━━ Records provided ━━
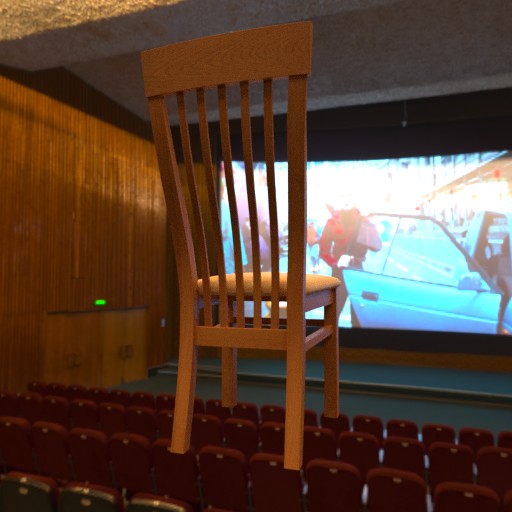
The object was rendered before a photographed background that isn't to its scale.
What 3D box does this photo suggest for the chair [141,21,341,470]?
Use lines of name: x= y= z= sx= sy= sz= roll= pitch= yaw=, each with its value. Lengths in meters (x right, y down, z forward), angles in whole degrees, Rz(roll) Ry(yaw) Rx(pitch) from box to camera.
chair: x=0.000 y=0.000 z=1.323 sx=0.450 sy=1.050 sz=0.580 roll=-1 pitch=-3 yaw=18
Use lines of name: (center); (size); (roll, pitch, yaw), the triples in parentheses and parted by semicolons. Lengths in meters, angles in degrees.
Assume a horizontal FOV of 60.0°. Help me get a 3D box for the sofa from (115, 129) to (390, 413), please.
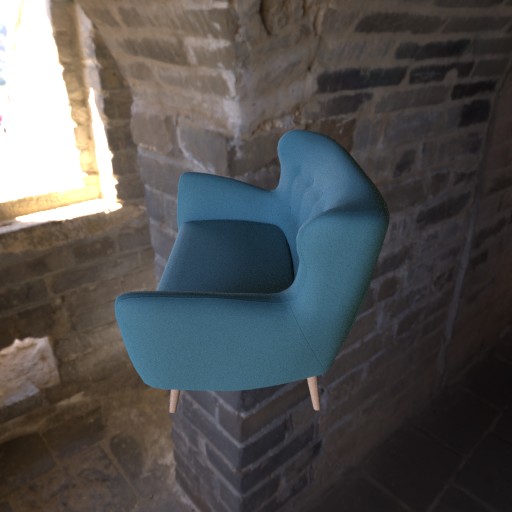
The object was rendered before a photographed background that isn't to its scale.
sofa: (0.000, 0.000, 1.999); (0.889, 0.889, 1.397); (0, 26, 0)
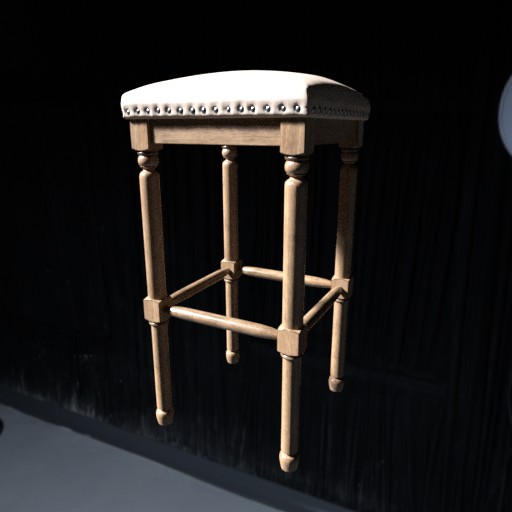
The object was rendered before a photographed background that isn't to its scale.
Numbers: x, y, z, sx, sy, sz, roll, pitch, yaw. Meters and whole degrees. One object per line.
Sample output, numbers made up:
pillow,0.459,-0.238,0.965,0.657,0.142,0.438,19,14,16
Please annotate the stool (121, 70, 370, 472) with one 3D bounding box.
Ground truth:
stool,0.000,0.000,0.998,0.382,0.768,0.383,8,18,26
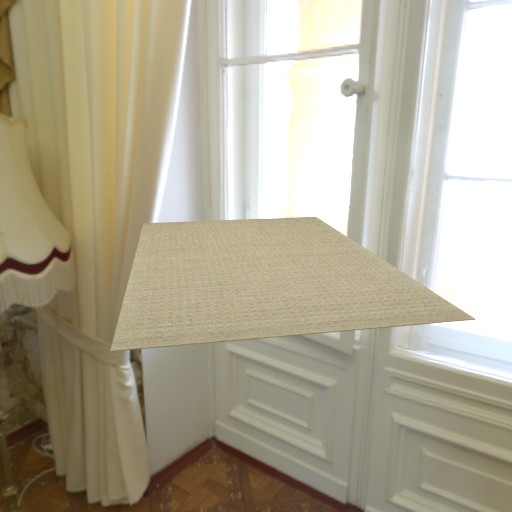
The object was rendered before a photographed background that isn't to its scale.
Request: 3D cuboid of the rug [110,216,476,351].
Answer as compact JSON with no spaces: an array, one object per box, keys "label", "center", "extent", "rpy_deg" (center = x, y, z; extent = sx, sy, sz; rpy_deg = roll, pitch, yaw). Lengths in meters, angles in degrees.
[{"label":"rug","center":[0.000,0.000,3.689],"extent":[1.981,0.006,2.895],"rpy_deg":[-3,17,-10]}]
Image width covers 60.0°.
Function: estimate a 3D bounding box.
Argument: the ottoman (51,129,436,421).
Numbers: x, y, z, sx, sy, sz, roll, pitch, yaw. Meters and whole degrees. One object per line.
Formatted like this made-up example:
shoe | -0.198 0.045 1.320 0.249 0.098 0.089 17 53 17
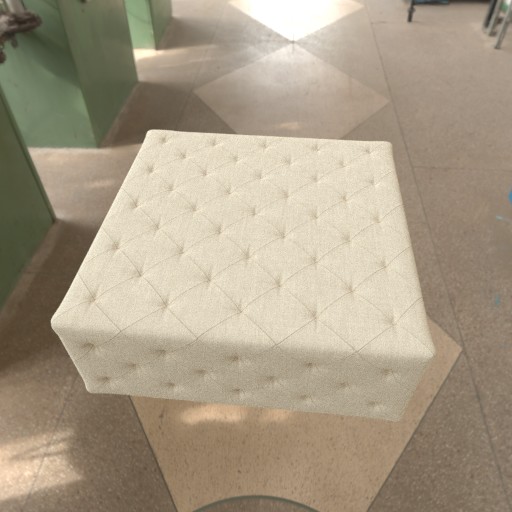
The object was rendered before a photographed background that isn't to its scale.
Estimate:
ottoman | 0.000 0.000 1.647 1.028 0.439 1.028 4 46 4
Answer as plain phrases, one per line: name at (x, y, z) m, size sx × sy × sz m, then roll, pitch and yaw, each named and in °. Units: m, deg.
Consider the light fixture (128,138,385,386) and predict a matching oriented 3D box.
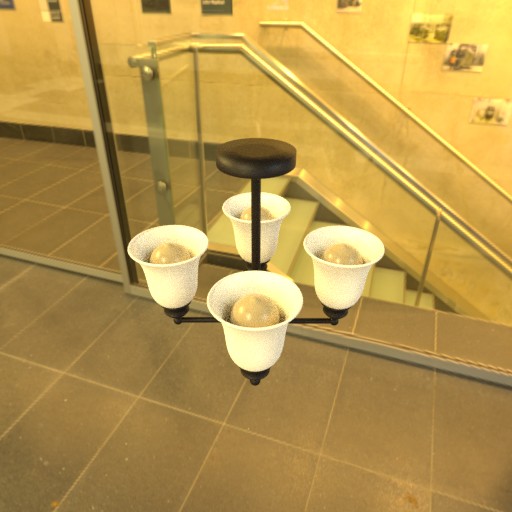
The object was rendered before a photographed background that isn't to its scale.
light fixture at (0.000, 0.000, 1.889) m, size 1.069 × 0.925 × 1.069 m, roll 0°, pitch 32°, yaw 0°
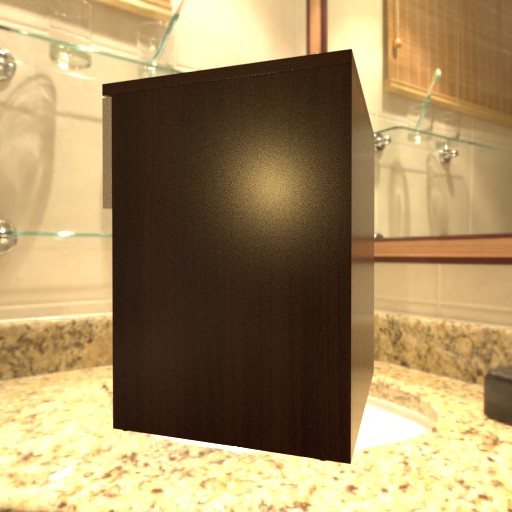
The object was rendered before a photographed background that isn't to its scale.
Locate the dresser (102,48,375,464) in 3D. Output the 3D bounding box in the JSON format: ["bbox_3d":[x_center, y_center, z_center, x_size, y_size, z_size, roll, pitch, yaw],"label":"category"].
[{"bbox_3d":[0.000,0.000,0.745,0.360,0.470,0.400,0,1,18],"label":"dresser"}]
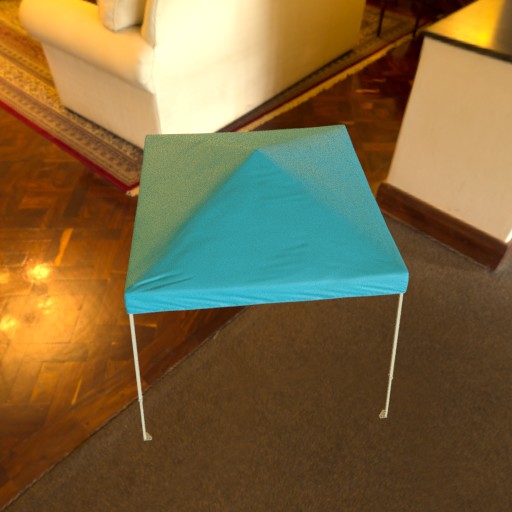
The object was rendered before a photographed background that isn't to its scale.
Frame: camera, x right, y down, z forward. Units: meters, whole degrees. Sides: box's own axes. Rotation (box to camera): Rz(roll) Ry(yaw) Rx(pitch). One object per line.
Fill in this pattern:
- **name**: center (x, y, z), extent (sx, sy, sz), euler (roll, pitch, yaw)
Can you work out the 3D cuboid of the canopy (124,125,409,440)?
- **canopy**: center (0.000, 0.000, 5.076), extent (2.850, 2.850, 2.849), euler (-4, 47, -4)
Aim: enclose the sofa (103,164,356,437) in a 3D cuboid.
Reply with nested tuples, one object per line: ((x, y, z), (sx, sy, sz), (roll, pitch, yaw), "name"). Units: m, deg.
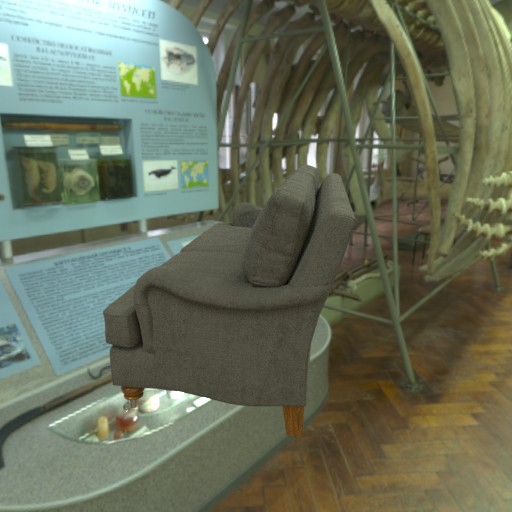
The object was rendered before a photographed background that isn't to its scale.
((0.000, 0.000, 2.846), (1.086, 1.087, 2.165), (2, 15, 9), "sofa")
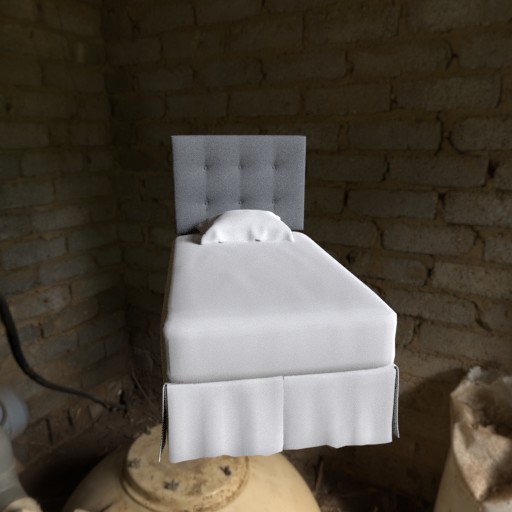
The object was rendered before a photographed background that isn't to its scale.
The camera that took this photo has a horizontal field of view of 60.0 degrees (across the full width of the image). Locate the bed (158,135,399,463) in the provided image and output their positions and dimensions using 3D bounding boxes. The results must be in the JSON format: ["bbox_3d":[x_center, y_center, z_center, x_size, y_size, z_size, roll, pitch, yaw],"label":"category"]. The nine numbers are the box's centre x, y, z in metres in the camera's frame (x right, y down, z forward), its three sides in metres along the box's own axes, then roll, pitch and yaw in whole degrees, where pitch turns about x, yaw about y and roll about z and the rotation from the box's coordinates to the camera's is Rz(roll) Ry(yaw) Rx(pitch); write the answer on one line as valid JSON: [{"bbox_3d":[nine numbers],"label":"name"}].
[{"bbox_3d":[0.000,0.000,2.990,1.261,1.571,1.997,-2,15,-8],"label":"bed"}]
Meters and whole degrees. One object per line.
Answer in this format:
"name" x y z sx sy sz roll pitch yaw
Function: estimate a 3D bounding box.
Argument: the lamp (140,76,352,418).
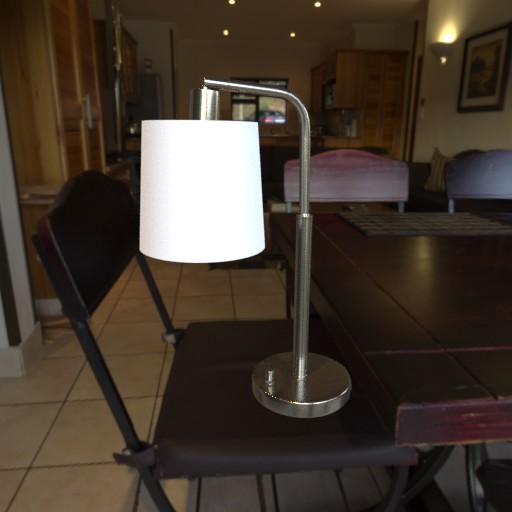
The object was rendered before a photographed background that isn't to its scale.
"lamp" 0.000 0.000 0.655 0.333 0.489 0.171 -7 17 -24
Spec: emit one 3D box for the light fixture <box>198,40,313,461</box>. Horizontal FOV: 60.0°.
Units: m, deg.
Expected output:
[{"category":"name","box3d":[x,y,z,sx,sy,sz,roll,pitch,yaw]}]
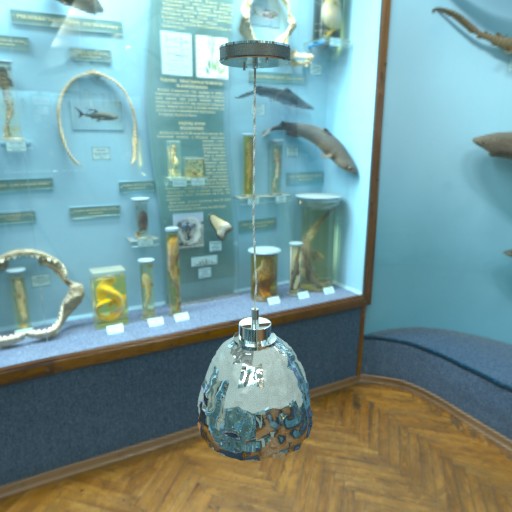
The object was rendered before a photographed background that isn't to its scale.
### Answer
━━━
The answer must be an exact reproduction of the records, with every picture left out.

The object was rendered before a photographed background that isn't to its scale.
What 3D box does this photo suggest for the chair [141,21,341,470]?
Use lines of name: x= y= z= sx= sy= sz= roll= pitch= yaw=, each with its value. Lengths in meters (x right, y down, z forward), angles in whole degrees, Rz(roll) Ry(yaw) Rx(pitch) from box to camera.
chair: x=0.000 y=0.000 z=1.323 sx=0.450 sy=1.050 sz=0.580 roll=-1 pitch=-3 yaw=18
Use lines of name: (center); (size); (roll, pitch, yaw), the triples in parentheses and parted by semicolons. Lengths in meters, angles in degrees.
Assume a horizontal FOV of 60.0°. Help me get a 3D box for the sofa from (115, 129) to (390, 413), please.
The object was rendered before a photographed background that isn't to its scale.
sofa: (0.000, 0.000, 1.999); (0.889, 0.889, 1.397); (0, 26, 0)
The object was rendered before a photographed background that isn't to its scale.
Numbers: x, y, z, sx, sy, sz, roll, pitch, yaw. Meters and whole degrees. One object per line.
Sample output, numbers made up:
pillow,0.459,-0.238,0.965,0.657,0.142,0.438,19,14,16
Please annotate the stool (121, 70, 370, 472) with one 3D bounding box.
Ground truth:
stool,0.000,0.000,0.998,0.382,0.768,0.383,8,18,26
The object was rendered before a photographed background that isn't to its scale.
Request: 3D cuboid of the rug [110,216,476,351].
Answer as compact JSON with no spaces: an array, one object per box, keys "label", "center", "extent", "rpy_deg" (center = x, y, z; extent = sx, sy, sz; rpy_deg = roll, pitch, yaw). Lengths in meters, angles in degrees.
[{"label":"rug","center":[0.000,0.000,3.689],"extent":[1.981,0.006,2.895],"rpy_deg":[-3,17,-10]}]
Image width covers 60.0°.
Function: estimate a 3D bounding box.
Argument: the ottoman (51,129,436,421).
Numbers: x, y, z, sx, sy, sz, roll, pitch, yaw. Meters and whole degrees. One object per line.
Formatted like this made-up example:
shoe | -0.198 0.045 1.320 0.249 0.098 0.089 17 53 17
The object was rendered before a photographed background that isn't to its scale.
Estimate:
ottoman | 0.000 0.000 1.647 1.028 0.439 1.028 4 46 4
Answer as plain phrases, one per line: name at (x, y, z) m, size sx × sy × sz m, then roll, pitch and yaw, each named and in °. Units: m, deg.
Consider the light fixture (128,138,385,386) and predict a matching oriented 3D box.
The object was rendered before a photographed background that isn't to its scale.
light fixture at (0.000, 0.000, 1.889) m, size 1.069 × 0.925 × 1.069 m, roll 0°, pitch 32°, yaw 0°
The object was rendered before a photographed background that isn't to its scale.
Locate the dresser (102,48,375,464) in 3D. Output the 3D bounding box in the JSON format: ["bbox_3d":[x_center, y_center, z_center, x_size, y_size, z_size, roll, pitch, yaw],"label":"category"].
[{"bbox_3d":[0.000,0.000,0.745,0.360,0.470,0.400,0,1,18],"label":"dresser"}]
The object was rendered before a photographed background that isn't to its scale.
Frame: camera, x right, y down, z forward. Units: meters, whole degrees. Sides: box's own axes. Rotation (box to camera): Rz(roll) Ry(yaw) Rx(pitch). One object per line.
Fill in this pattern:
- **name**: center (x, y, z), extent (sx, sy, sz), euler (roll, pitch, yaw)
Can you work out the 3D cuboid of the canopy (124,125,409,440)?
- **canopy**: center (0.000, 0.000, 5.076), extent (2.850, 2.850, 2.849), euler (-4, 47, -4)
Aim: enclose the sofa (103,164,356,437) in a 3D cuboid.
Reply with nested tuples, one object per line: ((x, y, z), (sx, sy, sz), (roll, pitch, yaw), "name"). Units: m, deg.
The object was rendered before a photographed background that isn't to its scale.
((0.000, 0.000, 2.846), (1.086, 1.087, 2.165), (2, 15, 9), "sofa")
The object was rendered before a photographed background that isn't to its scale.
The camera that took this photo has a horizontal field of view of 60.0 degrees (across the full width of the image). Locate the bed (158,135,399,463) in the provided image and output their positions and dimensions using 3D bounding boxes. The results must be in the JSON format: ["bbox_3d":[x_center, y_center, z_center, x_size, y_size, z_size, roll, pitch, yaw],"label":"category"]. The nine numbers are the box's centre x, y, z in metres in the camera's frame (x right, y down, z forward), its three sides in metres along the box's own axes, then roll, pitch and yaw in whole degrees, where pitch turns about x, yaw about y and roll about z and the rotation from the box's coordinates to the camera's is Rz(roll) Ry(yaw) Rx(pitch); write the answer on one line as valid JSON: [{"bbox_3d":[nine numbers],"label":"name"}].
[{"bbox_3d":[0.000,0.000,2.990,1.261,1.571,1.997,-2,15,-8],"label":"bed"}]
Meters and whole degrees. One object per line.
Answer in this format:
"name" x y z sx sy sz roll pitch yaw
Function: estimate a 3D bounding box.
Argument: the lamp (140,76,352,418).
The object was rendered before a photographed background that isn't to its scale.
"lamp" 0.000 0.000 0.655 0.333 0.489 0.171 -7 17 -24
Spec: emit one 3D box for the light fixture <box>198,40,313,461</box>. Horizontal FOV: 60.0°.
Units: m, deg.
Expected output:
[{"category":"name","box3d":[x,y,z,sx,sy,sz,roll,pitch,yaw]}]
The object was rendered before a photographed background that isn't to its scale.
### Answer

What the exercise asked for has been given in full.